Революционность (и даже эсхатологичность) философских воззрений Куклярского на судьбу современного ему человечества выбивается из иррациональных установок философии жизни. Философия Куклярского – это антропологическая беспочвенность, – сознательная критика в человеческом – человека. В отличие от имморализма Ницше, который легко редуцируется в сверхморализм для сверхчеловека, Куклярский проповедует сверхимморализм для нечеловека, грядущего на смену жалкому приспособленцу к дарвиновской гипотезе естественного отбора. Время человечества прошло именно потому, что оно предупредило в себе не-себя в виде понятийных абстракций, – сэкономило на деструктивных началах, – отсрочило свой конец в идеал-утопию. Эра нечеловечества наступит не тогда, когда число потусторонников превысит количество посюсторонников, а когда на земле больше не останется ни одного потусторонника, – когда добро, истина и красота станут повседневными.
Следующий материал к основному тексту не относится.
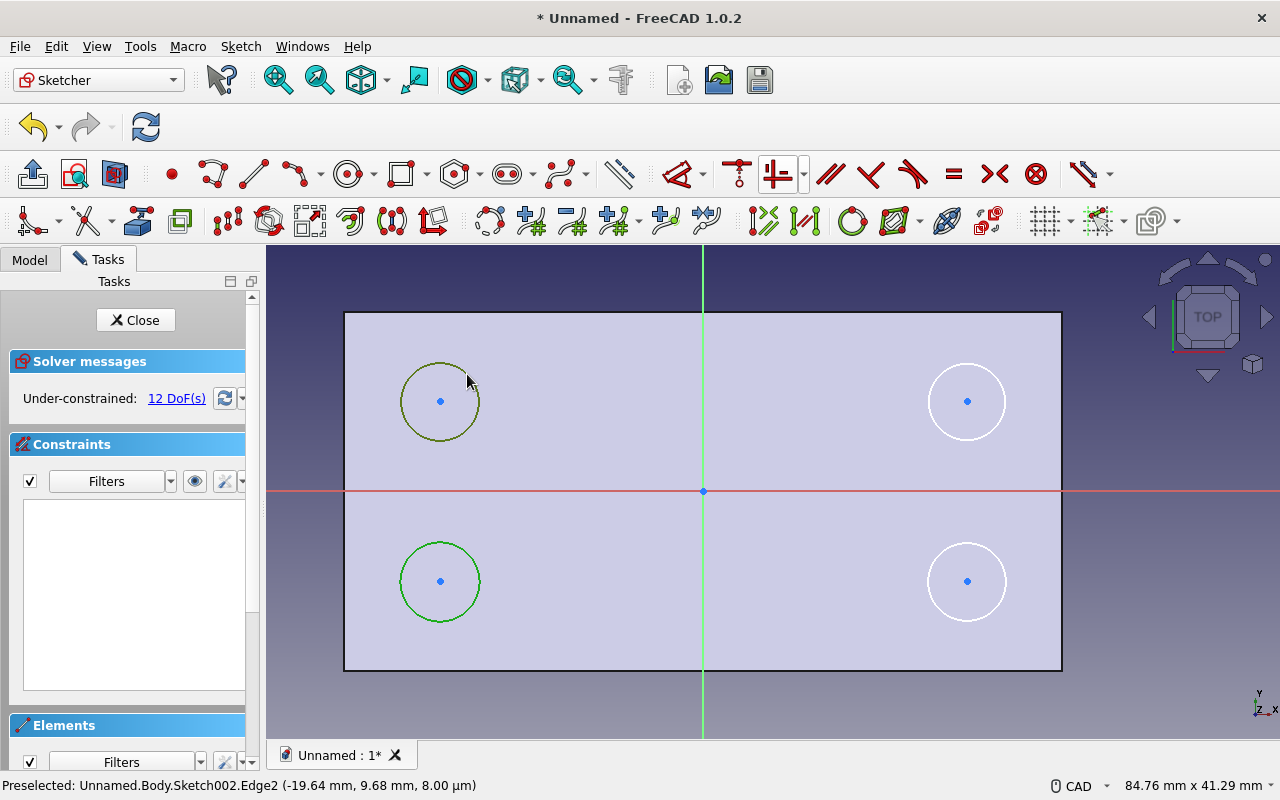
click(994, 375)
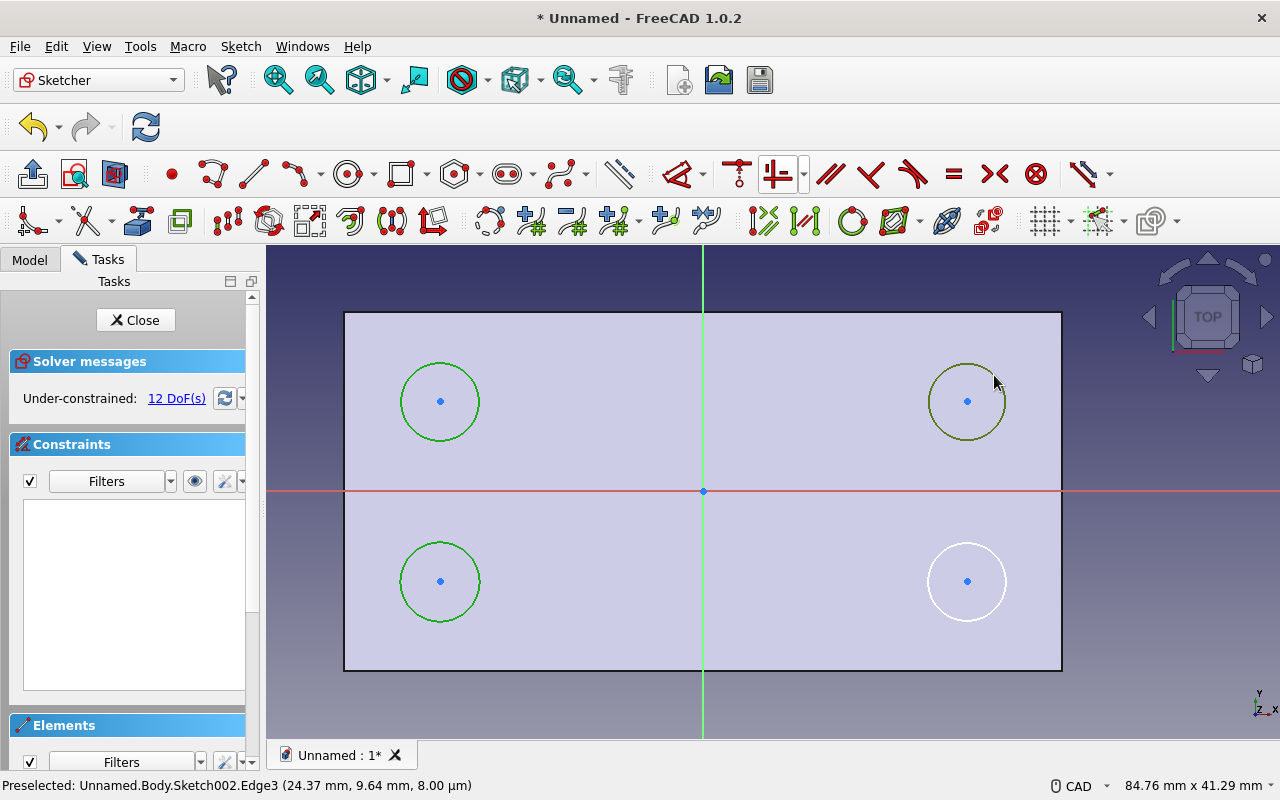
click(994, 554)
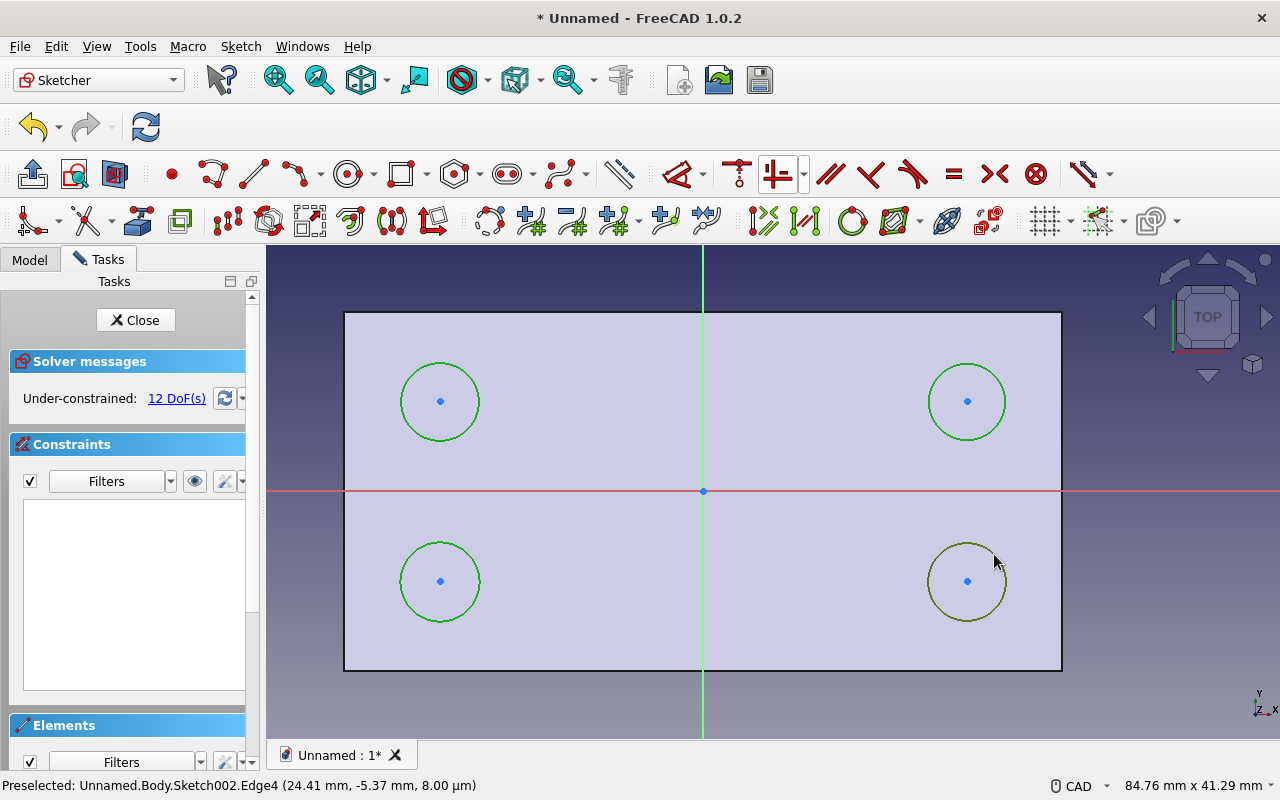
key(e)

Философия Куклярского претендует на подготовку человечества к антропологической катастрофе, итогом которой должно стать дарование природе свободы, умаляемой смертностью человека. Человечество сможет обессмертить природу через свою гибель.
Обзорное (обсервационное) исследование творчества Ф. Ф. Куклярского целесообразно провести, изучая каждый его философский текст в отдельности. В данной курсовой работе будет рассмотрено три произведения Куклярского, изданных им подряд в течение трёх лет и составляющих собственно философский корпус Куклярского (в отличие от собственно культурологического корпуса, включающего в себя две книги: «Философия культуры. Идеалы человеческой культуры в свете трагического миропонимания. Книга 1: Культура и познание» (1917) и «Критика творческого сознания. Обоснование антиномизма. Часть 1» (1923)), посвящённый проблемам антропагонии и натуролатрии (возведение природы в предмет поклонения): «Философия индивидуализма» (1910), «Последнее слово. К философии современного религиозного бунтарства» (1911) и «Осуждённый мир. Философия человекоборческой природы» (1912). <…>
1. [7: 100]
2. [7: 34]
3. Сноска первоисточника опущена.
4. Сноска первоисточника опущена.
5. Сравните: «Творчество «человека R.» измышляет себе «злого врага» и, исходя из этого, считает себя “добрым”» [2: 968].
6. Стоит отметить, что о С. Кьеркегоре, знакомство с которым перевернуло философское мировоззрение Шестова, Куклярский познакомился намного раньше: в «Осуждённом мире» он цитирует датского мыслителя по книге Лео Берга «Сверхчеловек в современной литературе».